• **Source material**
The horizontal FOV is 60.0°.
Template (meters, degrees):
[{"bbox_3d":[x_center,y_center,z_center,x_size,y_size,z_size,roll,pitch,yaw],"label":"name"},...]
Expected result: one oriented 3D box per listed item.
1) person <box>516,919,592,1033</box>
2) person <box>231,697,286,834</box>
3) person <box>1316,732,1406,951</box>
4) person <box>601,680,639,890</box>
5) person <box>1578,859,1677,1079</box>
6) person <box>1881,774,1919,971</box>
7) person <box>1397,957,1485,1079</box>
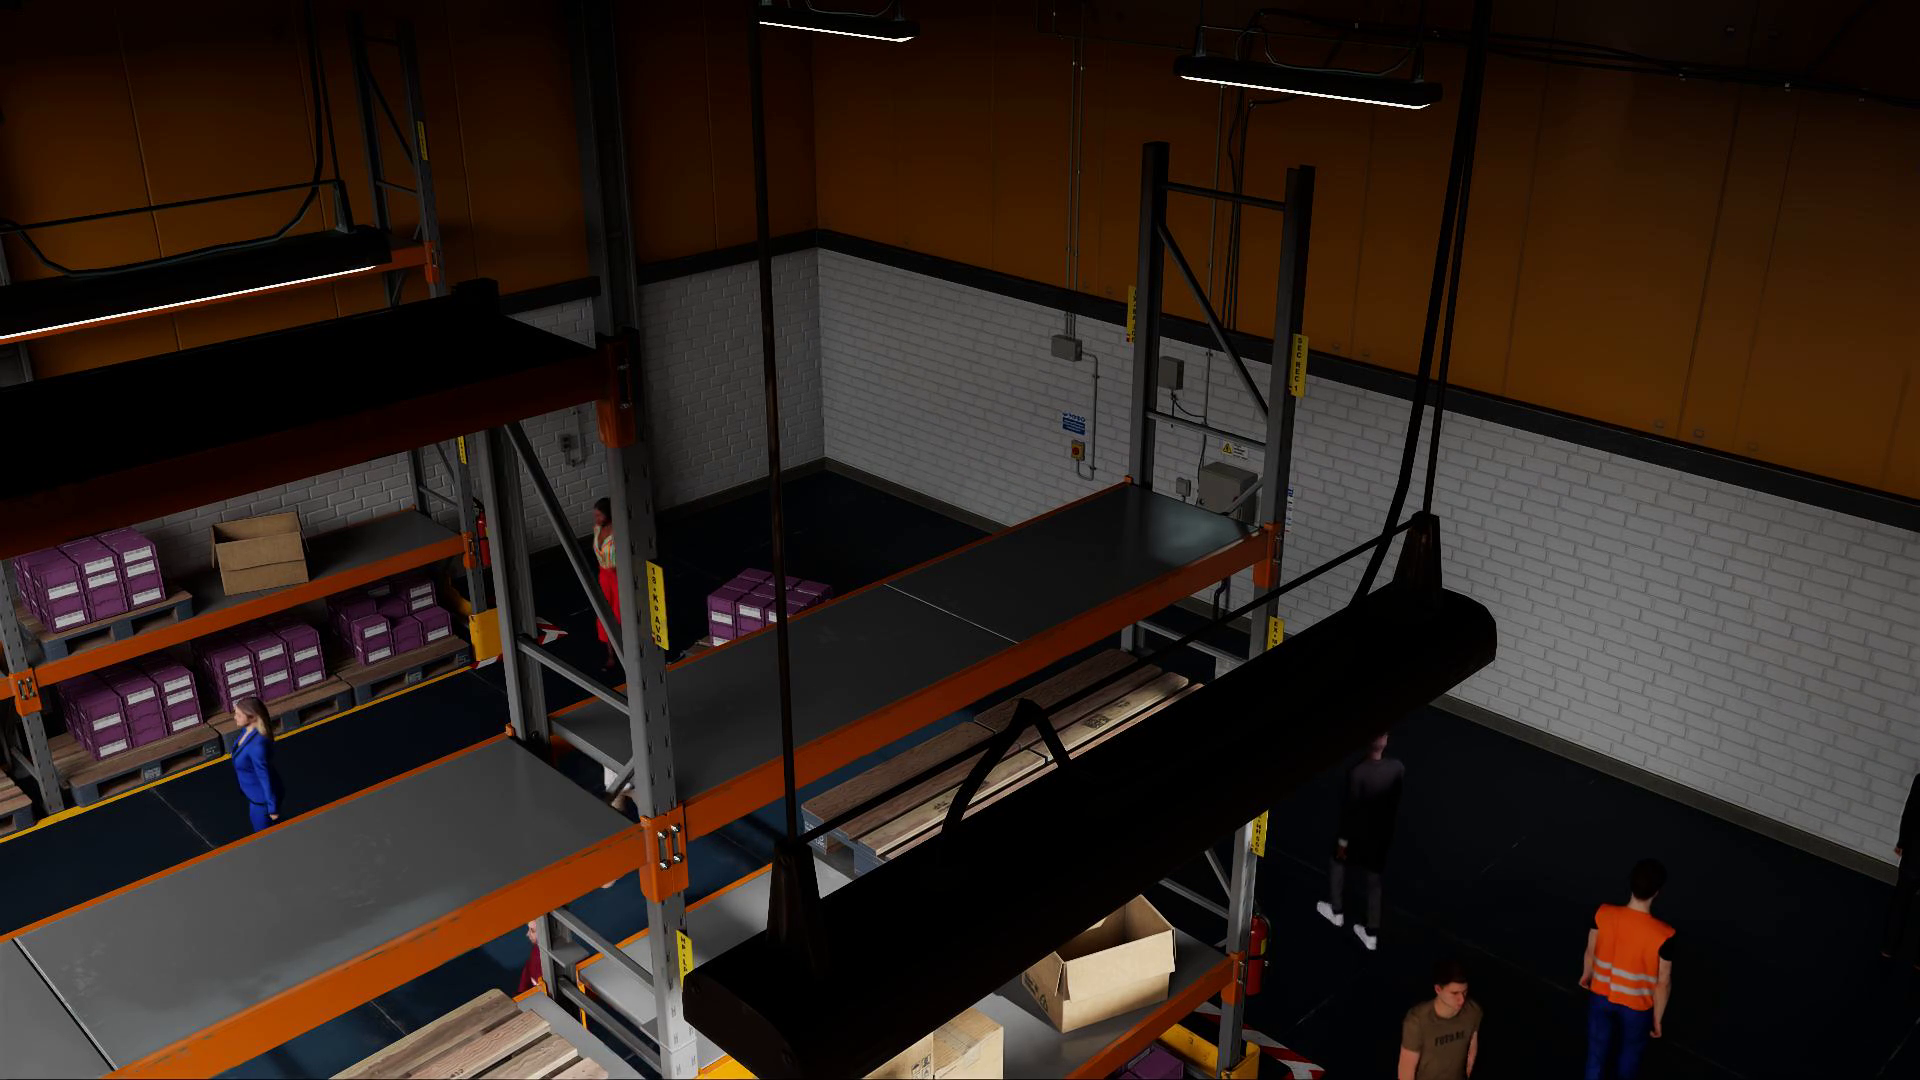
[{"bbox_3d":[-2.367,2.909,10.208,0.999,1.669,0.738,-15,28,-31],"label":"person"},{"bbox_3d":[-5.117,1.904,12.485,0.959,1.686,0.783,-12,26,-25],"label":"person"},{"bbox_3d":[2.938,2.153,11.842,0.899,1.744,0.934,-7,25,-16],"label":"person"},{"bbox_3d":[-2.573,1.876,12.596,0.871,1.649,0.782,20,30,38],"label":"person"},{"bbox_3d":[4.004,2.843,10.117,0.827,1.863,1.014,15,28,30],"label":"person"},{"bbox_3d":[6.852,2.184,11.683,0.589,1.816,0.681,-20,30,-37],"label":"person"},{"bbox_3d":[2.674,3.112,9.556,1.170,1.819,1.113,-6,24,-13],"label":"person"}]

• **Task to complete**
Could you restate the entries word for word, skipping any pictures?

• **Solved problem**
The horizontal FOV is 60.0°.
Template (meters, degrees):
[{"bbox_3d":[x_center,y_center,z_center,x_size,y_size,z_size,roll,pitch,yaw],"label":"name"},...]
Expected result: one oriented 3D box per listed item.
1) person <box>516,919,592,1033</box>
2) person <box>231,697,286,834</box>
3) person <box>1316,732,1406,951</box>
4) person <box>601,680,639,890</box>
5) person <box>1578,859,1677,1079</box>
6) person <box>1881,774,1919,971</box>
7) person <box>1397,957,1485,1079</box>
[{"bbox_3d":[-2.367,2.909,10.208,0.999,1.669,0.738,-15,28,-31],"label":"person"},{"bbox_3d":[-5.117,1.904,12.485,0.959,1.686,0.783,-12,26,-25],"label":"person"},{"bbox_3d":[2.938,2.153,11.842,0.899,1.744,0.934,-7,25,-16],"label":"person"},{"bbox_3d":[-2.573,1.876,12.596,0.871,1.649,0.782,20,30,38],"label":"person"},{"bbox_3d":[4.004,2.843,10.117,0.827,1.863,1.014,15,28,30],"label":"person"},{"bbox_3d":[6.852,2.184,11.683,0.589,1.816,0.681,-20,30,-37],"label":"person"},{"bbox_3d":[2.674,3.112,9.556,1.170,1.819,1.113,-6,24,-13],"label":"person"}]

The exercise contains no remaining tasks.